As a Corel devotee and a certified clipart-aholic, I looked forward to a loving relationship with these Corel images. It was not to be.

After a simple installation, I opened to the main screen and did a search on the word "Christmas." It came up with over 1000 hits, but the thumbnails were all the same generic icon. When I tried to open one, I was asked to "insert CD 2." I did so, but there was no response.

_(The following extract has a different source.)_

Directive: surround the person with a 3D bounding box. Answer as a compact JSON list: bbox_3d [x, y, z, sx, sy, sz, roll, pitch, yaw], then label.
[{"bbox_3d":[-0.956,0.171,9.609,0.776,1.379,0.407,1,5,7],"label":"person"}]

The same dialogue box appeared over and over, and did not respond to the fact that I had put the proper CD in the drive. I tried again with another image and another CD, with the same results.

A third try brought something even more bizarre, when I clicked on an image to open it, it opened in Quick View Plus (a Windows utility).

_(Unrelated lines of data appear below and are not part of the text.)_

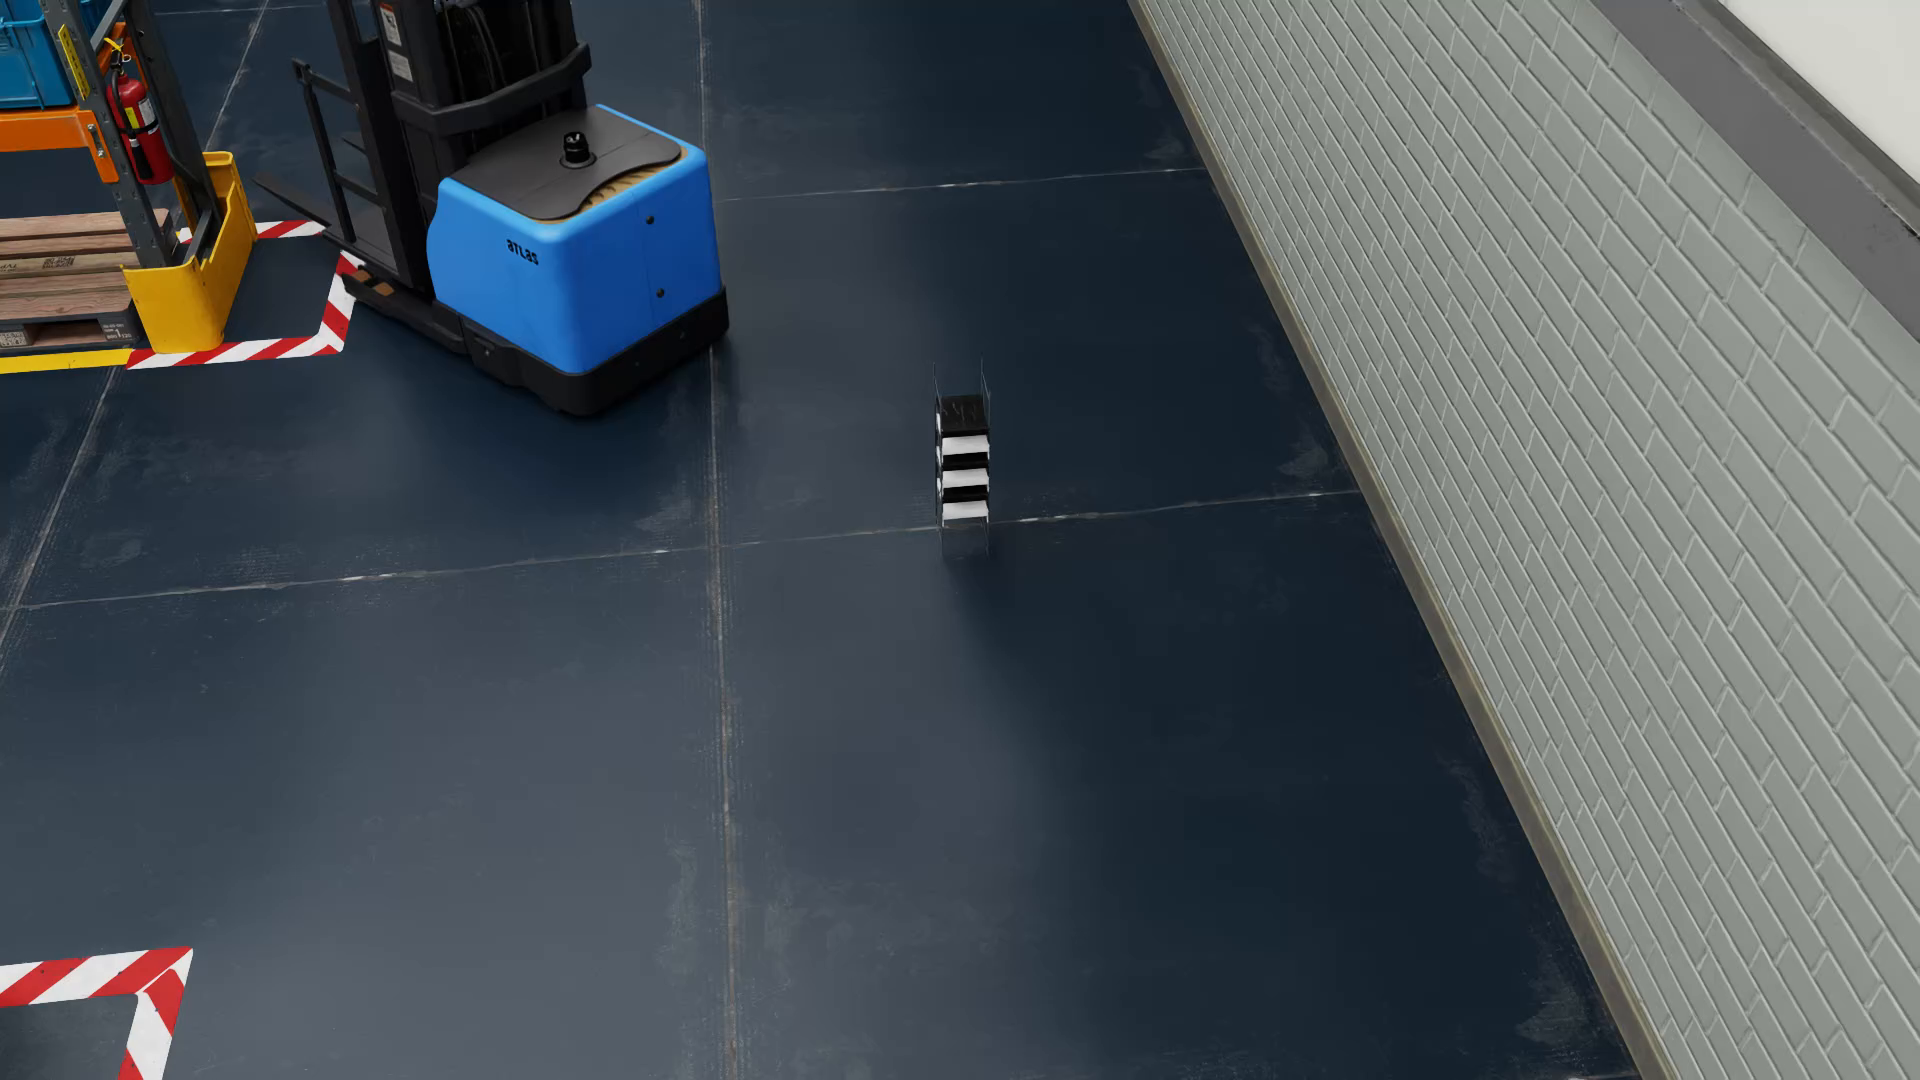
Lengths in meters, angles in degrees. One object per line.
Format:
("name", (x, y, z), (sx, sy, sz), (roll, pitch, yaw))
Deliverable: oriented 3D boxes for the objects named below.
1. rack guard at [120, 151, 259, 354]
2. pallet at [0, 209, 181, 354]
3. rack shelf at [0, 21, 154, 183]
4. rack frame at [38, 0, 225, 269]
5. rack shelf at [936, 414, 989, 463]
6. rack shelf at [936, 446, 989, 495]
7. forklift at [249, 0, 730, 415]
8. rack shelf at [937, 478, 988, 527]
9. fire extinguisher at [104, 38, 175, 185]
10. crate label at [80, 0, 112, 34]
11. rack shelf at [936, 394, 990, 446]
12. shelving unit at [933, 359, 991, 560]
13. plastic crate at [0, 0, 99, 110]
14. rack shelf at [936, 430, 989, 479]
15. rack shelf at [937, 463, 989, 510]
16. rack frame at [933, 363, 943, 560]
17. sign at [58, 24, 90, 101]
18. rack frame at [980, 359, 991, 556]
("rack guard", (-4.052, -1.535, 8.794), (0.348, 0.500, 1.175), (-5, 42, -6))
("pallet", (-4.897, -1.371, 8.828), (1.213, 0.211, 1.003), (-5, 42, -6))
("rack shelf", (-6.057, -2.012, 7.993), (4.000, 0.370, 1.077), (-5, 42, -6))
("rack frame", (-4.074, -2.453, 7.945), (0.127, 3.000, 1.000), (-5, 42, -6))
("rack shelf", (0.008, -0.444, 7.066), (0.200, 0.077, 0.258), (-5, 42, -6))
("rack shelf", (0.008, -0.310, 7.187), (0.200, 0.077, 0.258), (-5, 42, -6))
("forklift", (-2.650, -2.521, 8.072), (3.031, 2.935, 1.130), (29, 49, 28))
("rack shelf", (0.008, -0.176, 7.307), (0.200, 0.077, 0.258), (-5, 42, -6))
("fire extinguisher", (-3.865, -1.997, 7.776), (0.183, 0.674, 0.296), (-5, 42, -6))
("crate label", (-4.361, -2.610, 8.199), (0.303, 0.233, 0.416), (-5, 42, -6))
("rack shelf", (0.008, -0.511, 7.006), (0.200, 0.077, 0.258), (-5, 42, -6))
("shelving unit", (0.008, -0.335, 7.165), (0.210, 0.900, 0.258), (-5, 42, -6))
("plastic crate", (-4.382, -2.335, 7.743), (0.499, 0.435, 0.616), (-5, 42, -6))
("rack shelf", (0.008, -0.377, 7.127), (0.200, 0.077, 0.258), (-5, 42, -6))
("rack shelf", (0.008, -0.243, 7.247), (0.200, 0.077, 0.258), (-5, 42, -6))
("rack frame", (-0.093, -0.326, 7.155), (0.006, 0.900, 0.240), (-5, 42, -6))
("sign", (-3.986, -2.149, 7.487), (0.005, 0.325, 0.100), (-5, 42, -6))
("rack frame", (0.109, -0.344, 7.174), (0.006, 0.900, 0.240), (-5, 42, -6))

A trip through the manual described all manner of support options, most of them costing $$. I was led to Corel's web site, where the only free option was to send them an email message, which I did.

Their reply was prompt: "If the Gallery browser does not have ample time for the system to read the CD, it goes into what we commonly refer to as the "insert Loop" and the message doesn't go away. The only workarounds are to allow the CD to read and have the images automatically pop up after the CD is recognized or you can shut down the Gallery browser and relaunch it so that the browser will be reading off the new CD..."

At this point, my patience grew thin. I decided to check out the fonts before throwing in the towel.

The manual indicated that they were on CD1, although there was nothing on the CD label that said so. I was unable to access them directly. Any attempt to read the contents of the CD launched the installation setup.

I decided on a frontal attack. In DOS, I down-loaded the fonts and sounds to my hard drive. With My Portfolio (freeware) I was able to catalogue the jpeg photos (which are very nice, I admit). The clipart, however, is in CCX format which can only be read by Corel Photo House or by this thoroughly annoying Gallery browser.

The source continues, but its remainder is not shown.